5. Ecosystem Blind Spots

The Challenge:

Labs rarely use one vendor’s full ecosystem. They mix equipment, ELNs, LIMS, and building systems. If your software doesn’t integrate, it creates silos. Yet, many OEMs avoid partnerships, hoping to lock customers into proprietary ecosystems.

The result? Customers bypass the OEM’s software and stick to third-party tools that work across brands.

The Solution:

  • Build API-first software: allow connections with popular ELNs (e.g., Benchling, eLabNext), LIMS, and facility systems.
  • Partner with startups that specialize in interoperability.
  • Position yourself as a connector, not a closed system. Labs value flexibility.7

Conclusion: Becoming Digital Partners, Not Just Equipment Suppliers

Pharma and chemistry labs are demanding more than equipment, they want integrated solutions that ensure compliance, improve safety, and streamline workflows.8

For manufacturers, this requires a cultural shift: from slow hardware cycles to agile software sprints, from transactional sales to consultative SaaS adoption, and from one-off revenue to recurring models.

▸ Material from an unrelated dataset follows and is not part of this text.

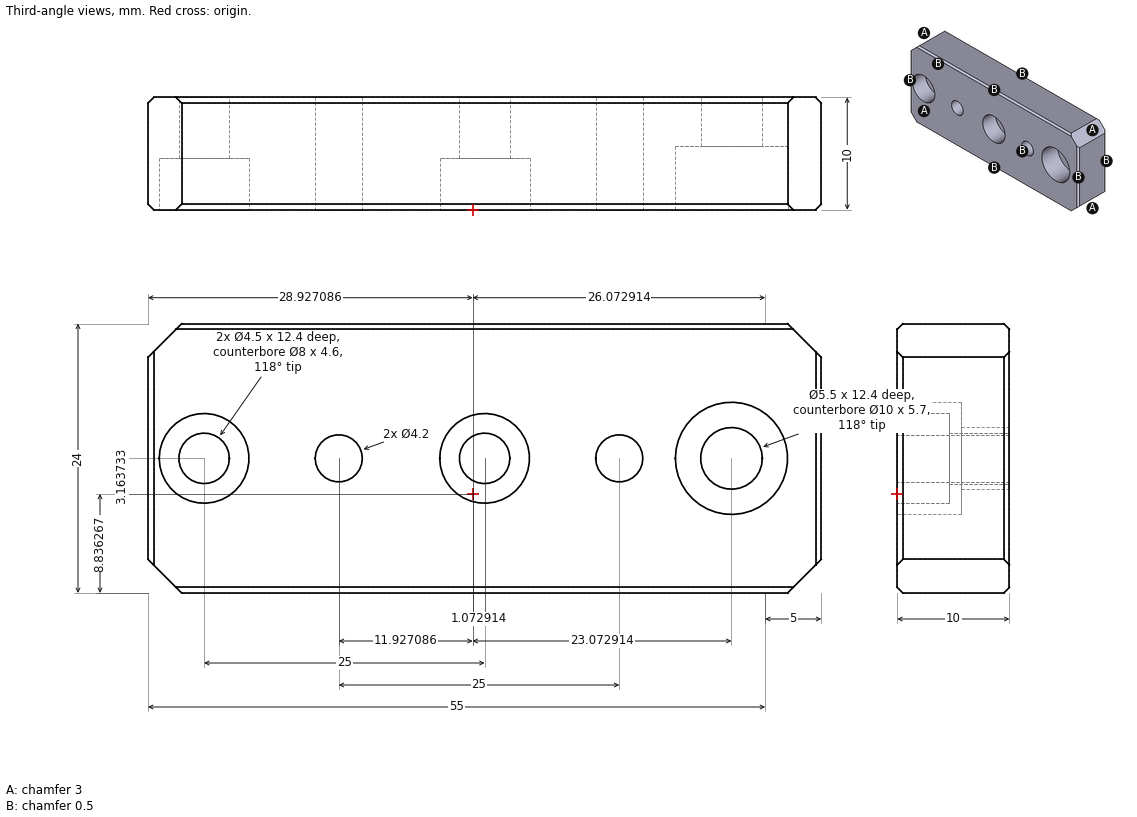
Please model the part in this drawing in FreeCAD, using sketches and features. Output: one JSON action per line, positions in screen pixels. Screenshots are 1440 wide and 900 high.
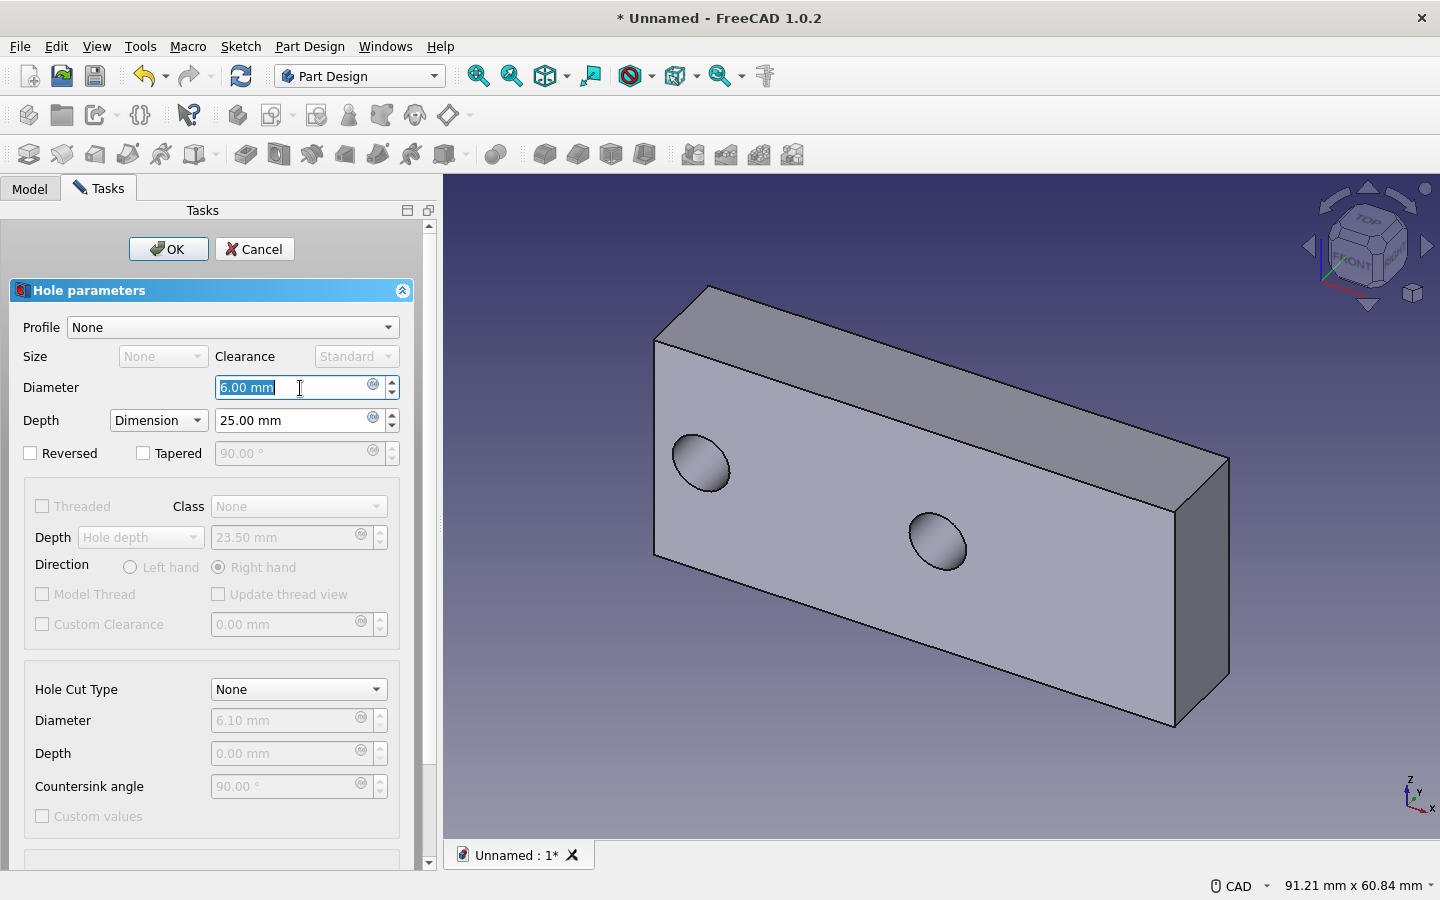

Those who embrace the shift will secure stronger margins, recurring growth, and deeper trust with pharma clients. Those who don’t risk being sidelined by competitors and startups that speak the digital lab’s language.

_________

Sources

  • Grand View Research. "Laboratory Informatics Market Size, Share & Trends Analysis Report, By Product (LIMS, ELN), By Component (Software, Services), By Delivery Mode, By End-use, By Region, And Segment Forecasts, 2024-2030."9 Accessed August 29, 2025.
  • McKinsey & Company. "The top trends in tech." December 11, 2023. This article provides general context for the shift from hardware to software and the rise of digital ecosystems in industrial sectors.
  • MarketsandMarkets. "Lab Automation Market - Global Forecast to 2030." Accessed August 29, 2025.
  • Gartner. General Gartner research on industrial and B2B SaaS trends, which often highlights sales channel challenges as a primary reason for low adoption rates.